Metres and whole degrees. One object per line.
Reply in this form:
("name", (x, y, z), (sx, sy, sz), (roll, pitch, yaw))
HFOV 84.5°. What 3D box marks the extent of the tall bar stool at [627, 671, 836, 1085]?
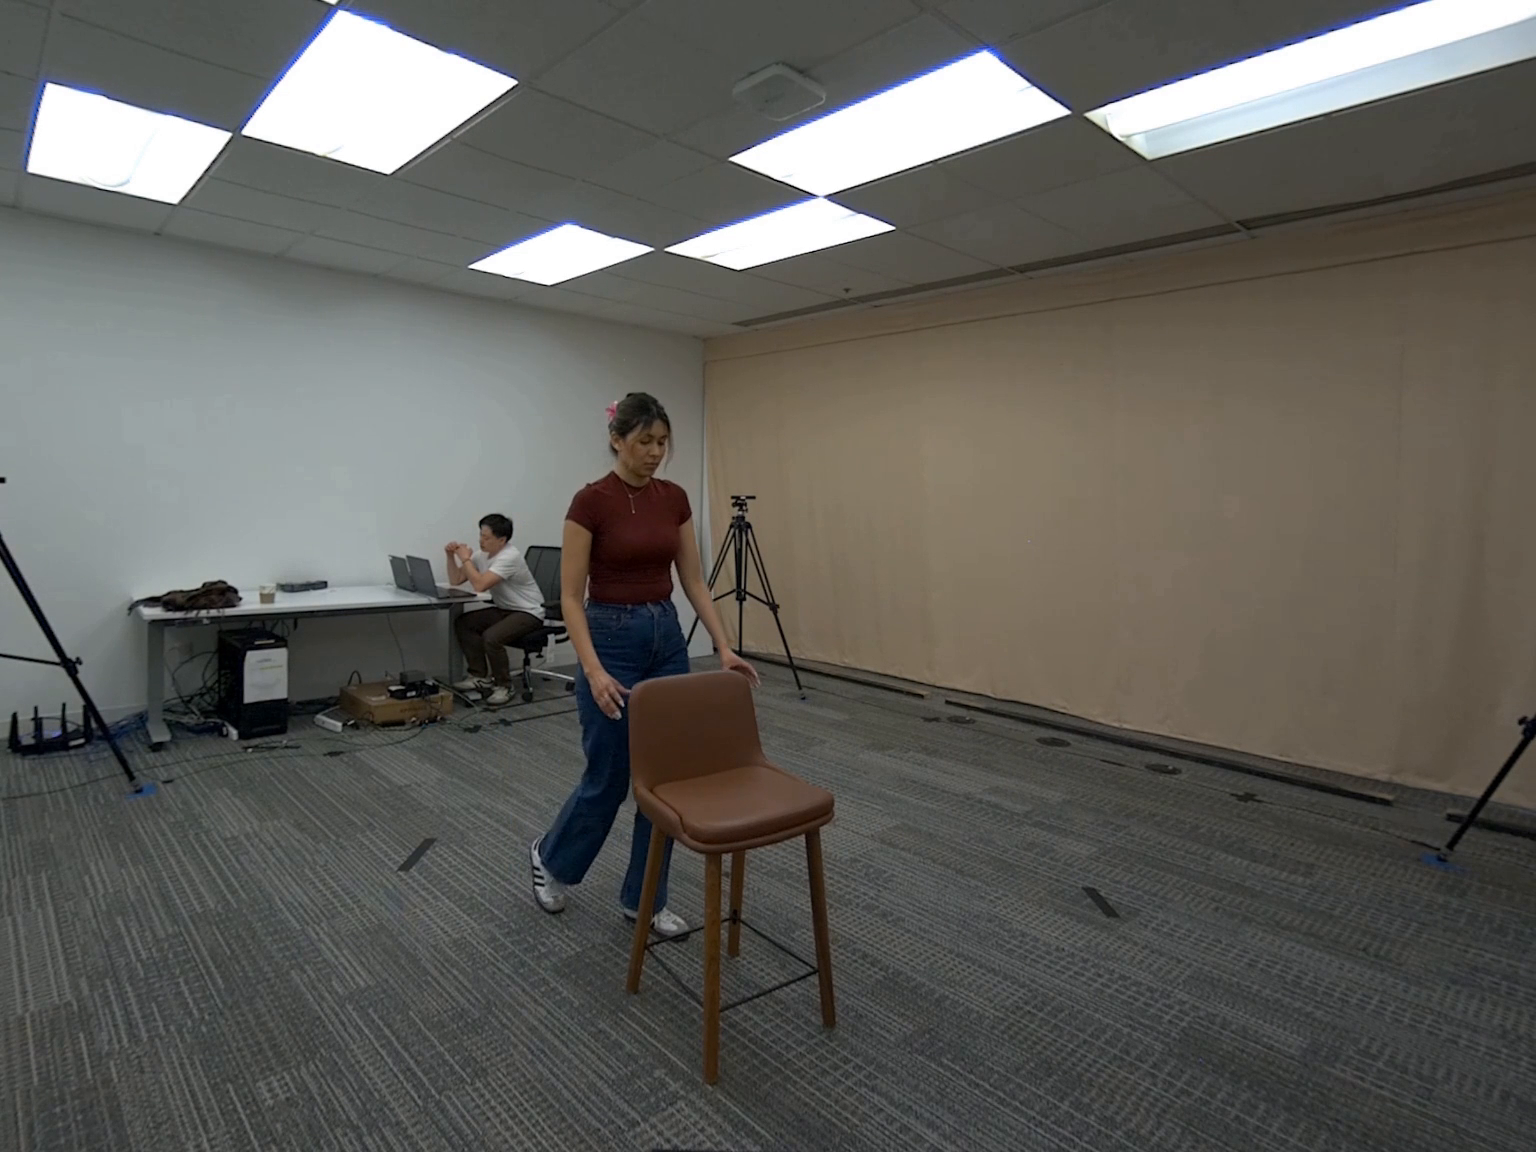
("tall bar stool", (-0.116, 0.742, 2.277), (0.446, 0.889, 0.478), (-2, 2, -36))

• **HOW TO COMPLETE THIS TASK**
The material above must be reproduced line for line, with the images omitted.

• **SOLUTION**
Metres and whole degrees. One object per line.
Reply in this form:
("name", (x, y, z), (sx, sy, sz), (roll, pitch, yaw))
HFOV 84.5°. What 3D box marks the extent of the tall bar stool at [627, 671, 836, 1085]?
("tall bar stool", (-0.116, 0.742, 2.277), (0.446, 0.889, 0.478), (-2, 2, -36))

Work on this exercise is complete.